**Assignment:**
Omitting all images, transcribe the listing word for word.

+===+

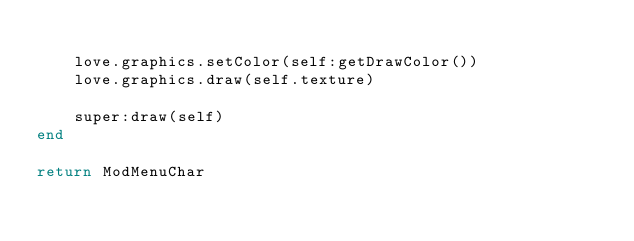Convert code to text. <code><loc_0><loc_0><loc_500><loc_500><_Lua_>
    love.graphics.setColor(self:getDrawColor())
    love.graphics.draw(self.texture)

    super:draw(self)
end

return ModMenuChar</code>

+===+

**Task response:**
Convert code to text. <code><loc_0><loc_0><loc_500><loc_500><_Lua_>
    love.graphics.setColor(self:getDrawColor())
    love.graphics.draw(self.texture)

    super:draw(self)
end

return ModMenuChar</code>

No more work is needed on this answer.